# virginia creeper



## woolly bear (Jul 15, 2010)

Anyone have any idea where I can buy Virginia Creeper plants , along with information on planting and care??


----------



## MaidenScotland (Jun 6, 2009)

woolly bear said:


> Anyone have any idea where I can buy Virginia Creeper plants , along with information on planting and care??




Sorry don't know where you could buy it but looking after it is very easy in fact once it is established you shouldn't be able to kill it.
It will grow in practically any situation
Grow it in full sun, shade, sand, clay, . This is a vine to thrive where no other vine will survive. 
One lovely thing about this plant is that birds just love to nest in it and of course the lovely red colour of the leaves when autumn comes.


----------



## zilly (Mar 9, 2010)

There is loads of stuff on care and planting Virginia Creeper if you just Google Virginia Creeper care.However- I'm not at all convinced that it would withstand the sun-heat and drought here.Personally I've never seen it used this far south in Spain-plants really have to be sub-tropical to survive happily here.I think you might be better off checking what local climbers the Spanish use. I tried Russian Vine-brought out from the UK-a really tough invasive climbing plant-and despite copious watering it could not survive the heat. I guess indigenous plants will do much better.


----------



## MaidenScotland (Jun 6, 2009)

zilly said:


> There is loads of stuff on care and planting Virginia Creeper if you just Google Virginia Creeper care.However- I'm not at all convinced that it would withstand the sun-heat and drought here.Personally I've never seen it used this far south in Spain-plants really have to be sub-tropical to survive happily here.I think you might be better off checking what local climbers the Spanish use. I tried Russian Vine-brought out from the UK-a really tough invasive climbing plant-and despite copious watering it could not survive the heat. I guess indigenous plants will do much better.

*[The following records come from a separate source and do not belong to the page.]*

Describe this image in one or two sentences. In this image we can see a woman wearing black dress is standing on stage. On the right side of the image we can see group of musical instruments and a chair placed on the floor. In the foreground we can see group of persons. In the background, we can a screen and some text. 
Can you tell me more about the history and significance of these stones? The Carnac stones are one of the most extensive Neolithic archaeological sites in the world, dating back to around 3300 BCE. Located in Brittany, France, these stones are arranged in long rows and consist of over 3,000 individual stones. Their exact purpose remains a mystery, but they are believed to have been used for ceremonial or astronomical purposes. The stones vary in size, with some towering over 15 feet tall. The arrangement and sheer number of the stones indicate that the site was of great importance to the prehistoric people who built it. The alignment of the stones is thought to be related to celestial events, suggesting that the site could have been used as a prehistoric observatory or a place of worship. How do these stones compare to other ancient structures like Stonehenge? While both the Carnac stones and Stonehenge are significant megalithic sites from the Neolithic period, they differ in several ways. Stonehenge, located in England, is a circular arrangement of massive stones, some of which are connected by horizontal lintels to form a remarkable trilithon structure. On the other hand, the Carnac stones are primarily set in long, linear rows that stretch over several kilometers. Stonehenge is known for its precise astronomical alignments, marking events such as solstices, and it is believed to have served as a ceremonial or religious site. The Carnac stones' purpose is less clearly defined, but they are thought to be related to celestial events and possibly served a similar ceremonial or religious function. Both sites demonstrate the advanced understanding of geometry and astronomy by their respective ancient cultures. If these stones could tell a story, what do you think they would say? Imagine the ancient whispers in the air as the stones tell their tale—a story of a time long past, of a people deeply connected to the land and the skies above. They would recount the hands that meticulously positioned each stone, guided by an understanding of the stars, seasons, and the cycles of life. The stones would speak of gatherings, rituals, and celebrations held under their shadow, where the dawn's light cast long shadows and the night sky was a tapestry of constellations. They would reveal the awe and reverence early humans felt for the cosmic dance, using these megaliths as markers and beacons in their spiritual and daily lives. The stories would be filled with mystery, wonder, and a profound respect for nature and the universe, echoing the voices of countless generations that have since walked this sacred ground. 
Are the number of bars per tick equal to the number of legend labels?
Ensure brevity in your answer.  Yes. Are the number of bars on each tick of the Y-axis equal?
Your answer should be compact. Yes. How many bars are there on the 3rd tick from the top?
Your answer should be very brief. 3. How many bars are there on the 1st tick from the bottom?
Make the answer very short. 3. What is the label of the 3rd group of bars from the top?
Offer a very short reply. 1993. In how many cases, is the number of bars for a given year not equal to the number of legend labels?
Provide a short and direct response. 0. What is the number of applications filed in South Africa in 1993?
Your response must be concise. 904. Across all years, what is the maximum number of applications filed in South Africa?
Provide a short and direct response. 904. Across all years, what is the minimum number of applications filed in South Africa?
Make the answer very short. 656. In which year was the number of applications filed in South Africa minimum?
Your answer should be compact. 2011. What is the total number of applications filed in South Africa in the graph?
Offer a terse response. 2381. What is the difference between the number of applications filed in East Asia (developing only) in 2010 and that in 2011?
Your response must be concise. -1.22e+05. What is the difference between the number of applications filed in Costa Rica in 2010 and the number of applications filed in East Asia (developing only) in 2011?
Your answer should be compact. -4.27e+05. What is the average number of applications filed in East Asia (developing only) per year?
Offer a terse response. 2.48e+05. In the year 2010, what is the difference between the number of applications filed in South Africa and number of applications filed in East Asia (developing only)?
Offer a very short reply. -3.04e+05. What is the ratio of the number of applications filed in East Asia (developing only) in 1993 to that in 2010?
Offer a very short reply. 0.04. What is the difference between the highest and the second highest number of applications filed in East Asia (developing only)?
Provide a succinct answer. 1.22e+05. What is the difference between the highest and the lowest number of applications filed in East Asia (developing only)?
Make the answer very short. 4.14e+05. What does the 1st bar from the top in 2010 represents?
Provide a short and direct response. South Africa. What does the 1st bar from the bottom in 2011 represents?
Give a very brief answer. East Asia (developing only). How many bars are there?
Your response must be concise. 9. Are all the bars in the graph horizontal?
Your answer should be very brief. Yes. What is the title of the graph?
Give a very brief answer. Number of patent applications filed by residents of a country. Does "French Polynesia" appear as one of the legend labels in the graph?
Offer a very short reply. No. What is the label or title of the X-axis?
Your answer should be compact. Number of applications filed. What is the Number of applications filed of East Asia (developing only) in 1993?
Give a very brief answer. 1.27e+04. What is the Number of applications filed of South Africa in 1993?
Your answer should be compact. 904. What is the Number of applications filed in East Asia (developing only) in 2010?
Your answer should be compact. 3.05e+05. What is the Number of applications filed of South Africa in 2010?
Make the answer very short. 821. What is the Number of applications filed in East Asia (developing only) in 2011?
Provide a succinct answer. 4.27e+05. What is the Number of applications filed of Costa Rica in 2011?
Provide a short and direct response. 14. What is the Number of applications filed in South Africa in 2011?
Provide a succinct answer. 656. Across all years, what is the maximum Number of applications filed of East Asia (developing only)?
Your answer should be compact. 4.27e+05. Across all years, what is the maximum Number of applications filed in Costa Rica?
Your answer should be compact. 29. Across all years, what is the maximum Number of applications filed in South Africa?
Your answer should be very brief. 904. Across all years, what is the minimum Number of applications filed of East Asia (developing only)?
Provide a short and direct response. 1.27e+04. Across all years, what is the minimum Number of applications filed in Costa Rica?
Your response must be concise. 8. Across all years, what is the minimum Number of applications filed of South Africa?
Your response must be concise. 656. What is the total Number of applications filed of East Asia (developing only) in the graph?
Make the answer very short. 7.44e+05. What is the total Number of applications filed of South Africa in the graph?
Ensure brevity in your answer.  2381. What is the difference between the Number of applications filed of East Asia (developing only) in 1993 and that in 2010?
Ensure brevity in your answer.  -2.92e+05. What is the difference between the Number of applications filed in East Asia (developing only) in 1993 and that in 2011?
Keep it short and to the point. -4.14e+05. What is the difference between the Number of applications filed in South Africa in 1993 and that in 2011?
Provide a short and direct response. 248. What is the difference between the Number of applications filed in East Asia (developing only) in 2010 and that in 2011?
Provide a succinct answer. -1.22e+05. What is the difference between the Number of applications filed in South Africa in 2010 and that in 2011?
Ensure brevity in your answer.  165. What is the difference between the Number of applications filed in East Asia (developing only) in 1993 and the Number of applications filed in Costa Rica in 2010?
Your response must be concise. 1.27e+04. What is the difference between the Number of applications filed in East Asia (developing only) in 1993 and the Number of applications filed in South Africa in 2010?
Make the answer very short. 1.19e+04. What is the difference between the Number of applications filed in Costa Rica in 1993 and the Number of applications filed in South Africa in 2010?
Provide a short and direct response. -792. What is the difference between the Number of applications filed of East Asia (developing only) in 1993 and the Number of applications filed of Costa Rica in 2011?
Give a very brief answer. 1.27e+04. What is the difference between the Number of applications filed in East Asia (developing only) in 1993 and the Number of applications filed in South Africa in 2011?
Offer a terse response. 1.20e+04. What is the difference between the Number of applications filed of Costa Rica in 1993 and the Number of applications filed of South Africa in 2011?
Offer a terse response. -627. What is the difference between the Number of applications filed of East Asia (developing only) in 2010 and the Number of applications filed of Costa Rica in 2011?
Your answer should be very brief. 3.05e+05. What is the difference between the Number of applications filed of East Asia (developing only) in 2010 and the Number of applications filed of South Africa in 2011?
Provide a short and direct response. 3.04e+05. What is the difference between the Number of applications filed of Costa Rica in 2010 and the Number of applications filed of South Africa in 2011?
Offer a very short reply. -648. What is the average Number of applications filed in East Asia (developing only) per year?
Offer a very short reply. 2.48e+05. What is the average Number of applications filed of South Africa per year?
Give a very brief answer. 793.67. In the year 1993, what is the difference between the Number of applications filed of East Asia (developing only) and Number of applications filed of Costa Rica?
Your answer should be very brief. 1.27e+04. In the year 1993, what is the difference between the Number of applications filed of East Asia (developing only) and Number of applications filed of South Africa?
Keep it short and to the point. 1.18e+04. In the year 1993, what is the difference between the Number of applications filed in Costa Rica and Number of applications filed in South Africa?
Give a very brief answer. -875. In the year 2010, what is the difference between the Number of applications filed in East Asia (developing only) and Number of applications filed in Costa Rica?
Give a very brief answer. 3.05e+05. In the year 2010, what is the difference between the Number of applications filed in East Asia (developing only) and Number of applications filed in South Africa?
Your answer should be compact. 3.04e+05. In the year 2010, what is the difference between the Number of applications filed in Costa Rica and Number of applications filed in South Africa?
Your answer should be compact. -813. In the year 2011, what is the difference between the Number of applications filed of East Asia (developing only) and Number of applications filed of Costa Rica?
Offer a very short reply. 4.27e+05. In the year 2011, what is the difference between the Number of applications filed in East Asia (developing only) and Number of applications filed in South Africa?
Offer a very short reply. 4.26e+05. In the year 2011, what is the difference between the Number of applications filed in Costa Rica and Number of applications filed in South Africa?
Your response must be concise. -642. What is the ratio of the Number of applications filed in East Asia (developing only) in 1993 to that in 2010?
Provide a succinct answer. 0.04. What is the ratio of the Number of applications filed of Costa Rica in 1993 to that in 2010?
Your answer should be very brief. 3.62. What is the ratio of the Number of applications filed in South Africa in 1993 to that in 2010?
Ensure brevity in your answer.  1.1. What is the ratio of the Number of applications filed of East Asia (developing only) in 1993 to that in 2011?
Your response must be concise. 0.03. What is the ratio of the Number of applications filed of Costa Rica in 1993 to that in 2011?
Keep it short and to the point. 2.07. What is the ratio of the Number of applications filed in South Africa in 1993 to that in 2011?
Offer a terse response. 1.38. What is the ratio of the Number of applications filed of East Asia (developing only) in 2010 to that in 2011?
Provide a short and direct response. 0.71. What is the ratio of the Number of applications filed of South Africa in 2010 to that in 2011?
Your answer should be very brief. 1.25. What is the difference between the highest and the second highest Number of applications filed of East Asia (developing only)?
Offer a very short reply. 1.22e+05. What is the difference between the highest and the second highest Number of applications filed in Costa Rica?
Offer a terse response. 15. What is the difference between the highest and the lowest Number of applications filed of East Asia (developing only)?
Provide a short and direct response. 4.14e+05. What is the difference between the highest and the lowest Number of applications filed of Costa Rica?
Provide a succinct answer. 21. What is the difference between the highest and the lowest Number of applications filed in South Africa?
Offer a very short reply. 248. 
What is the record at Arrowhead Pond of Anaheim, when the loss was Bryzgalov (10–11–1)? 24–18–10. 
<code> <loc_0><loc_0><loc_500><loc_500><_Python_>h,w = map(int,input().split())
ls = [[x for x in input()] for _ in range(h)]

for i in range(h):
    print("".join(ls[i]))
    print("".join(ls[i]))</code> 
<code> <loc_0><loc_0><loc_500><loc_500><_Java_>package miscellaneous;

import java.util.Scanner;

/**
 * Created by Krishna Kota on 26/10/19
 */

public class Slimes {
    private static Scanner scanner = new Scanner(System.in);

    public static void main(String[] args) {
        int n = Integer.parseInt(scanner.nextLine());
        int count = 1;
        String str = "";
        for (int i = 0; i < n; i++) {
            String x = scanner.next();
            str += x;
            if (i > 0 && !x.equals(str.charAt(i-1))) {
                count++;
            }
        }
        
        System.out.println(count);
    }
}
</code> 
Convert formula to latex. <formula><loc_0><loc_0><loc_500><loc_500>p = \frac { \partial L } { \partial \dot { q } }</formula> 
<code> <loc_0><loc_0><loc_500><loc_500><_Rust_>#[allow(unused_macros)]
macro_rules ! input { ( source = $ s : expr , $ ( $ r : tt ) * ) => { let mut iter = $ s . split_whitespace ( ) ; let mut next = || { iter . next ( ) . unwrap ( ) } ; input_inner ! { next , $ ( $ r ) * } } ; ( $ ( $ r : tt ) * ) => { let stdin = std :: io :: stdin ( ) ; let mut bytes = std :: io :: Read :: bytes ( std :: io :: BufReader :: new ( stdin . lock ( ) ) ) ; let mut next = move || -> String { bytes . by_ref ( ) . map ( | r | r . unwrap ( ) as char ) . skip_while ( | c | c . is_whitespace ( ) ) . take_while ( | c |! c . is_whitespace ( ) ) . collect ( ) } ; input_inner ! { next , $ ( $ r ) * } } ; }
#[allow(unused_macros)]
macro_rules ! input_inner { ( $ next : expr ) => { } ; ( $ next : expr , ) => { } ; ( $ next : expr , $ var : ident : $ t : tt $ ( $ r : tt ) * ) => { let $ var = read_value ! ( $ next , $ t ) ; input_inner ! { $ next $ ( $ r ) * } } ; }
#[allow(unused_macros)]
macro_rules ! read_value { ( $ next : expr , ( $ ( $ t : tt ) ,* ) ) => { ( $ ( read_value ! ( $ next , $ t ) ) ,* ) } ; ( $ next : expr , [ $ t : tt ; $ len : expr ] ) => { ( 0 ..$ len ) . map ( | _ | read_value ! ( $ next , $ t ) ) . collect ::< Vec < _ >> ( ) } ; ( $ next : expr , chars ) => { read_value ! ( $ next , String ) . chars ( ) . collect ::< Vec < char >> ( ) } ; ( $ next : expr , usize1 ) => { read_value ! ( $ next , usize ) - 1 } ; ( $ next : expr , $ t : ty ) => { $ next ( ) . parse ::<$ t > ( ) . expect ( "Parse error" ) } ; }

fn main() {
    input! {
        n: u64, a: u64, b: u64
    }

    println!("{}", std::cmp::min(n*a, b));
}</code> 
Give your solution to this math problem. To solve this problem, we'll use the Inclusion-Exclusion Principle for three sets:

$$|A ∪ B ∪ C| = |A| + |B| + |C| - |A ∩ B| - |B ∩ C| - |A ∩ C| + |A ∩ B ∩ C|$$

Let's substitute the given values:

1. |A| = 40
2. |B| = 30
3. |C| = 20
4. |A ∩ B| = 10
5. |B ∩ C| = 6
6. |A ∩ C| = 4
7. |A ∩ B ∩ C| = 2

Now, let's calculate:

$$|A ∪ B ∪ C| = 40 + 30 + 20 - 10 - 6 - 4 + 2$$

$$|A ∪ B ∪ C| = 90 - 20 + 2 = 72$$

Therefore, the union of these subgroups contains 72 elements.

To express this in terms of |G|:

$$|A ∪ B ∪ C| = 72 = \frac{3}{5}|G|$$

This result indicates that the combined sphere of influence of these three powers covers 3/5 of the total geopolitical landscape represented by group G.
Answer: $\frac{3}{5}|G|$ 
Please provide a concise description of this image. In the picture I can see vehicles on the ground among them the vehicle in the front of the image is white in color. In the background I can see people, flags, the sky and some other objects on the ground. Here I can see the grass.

I too have grown Russian Vine.. aka mile a minute creeper and boy does it take over,


----------



## duprez (Mar 21, 2013)

woolly bear said:


> Anyone have any idea where I can buy Virginia Creeper plants , along with information on planting and care??


Hi there, have just joined and asked the same question. I am in Brittany and wondered if you ever got your virginia creeper?


----------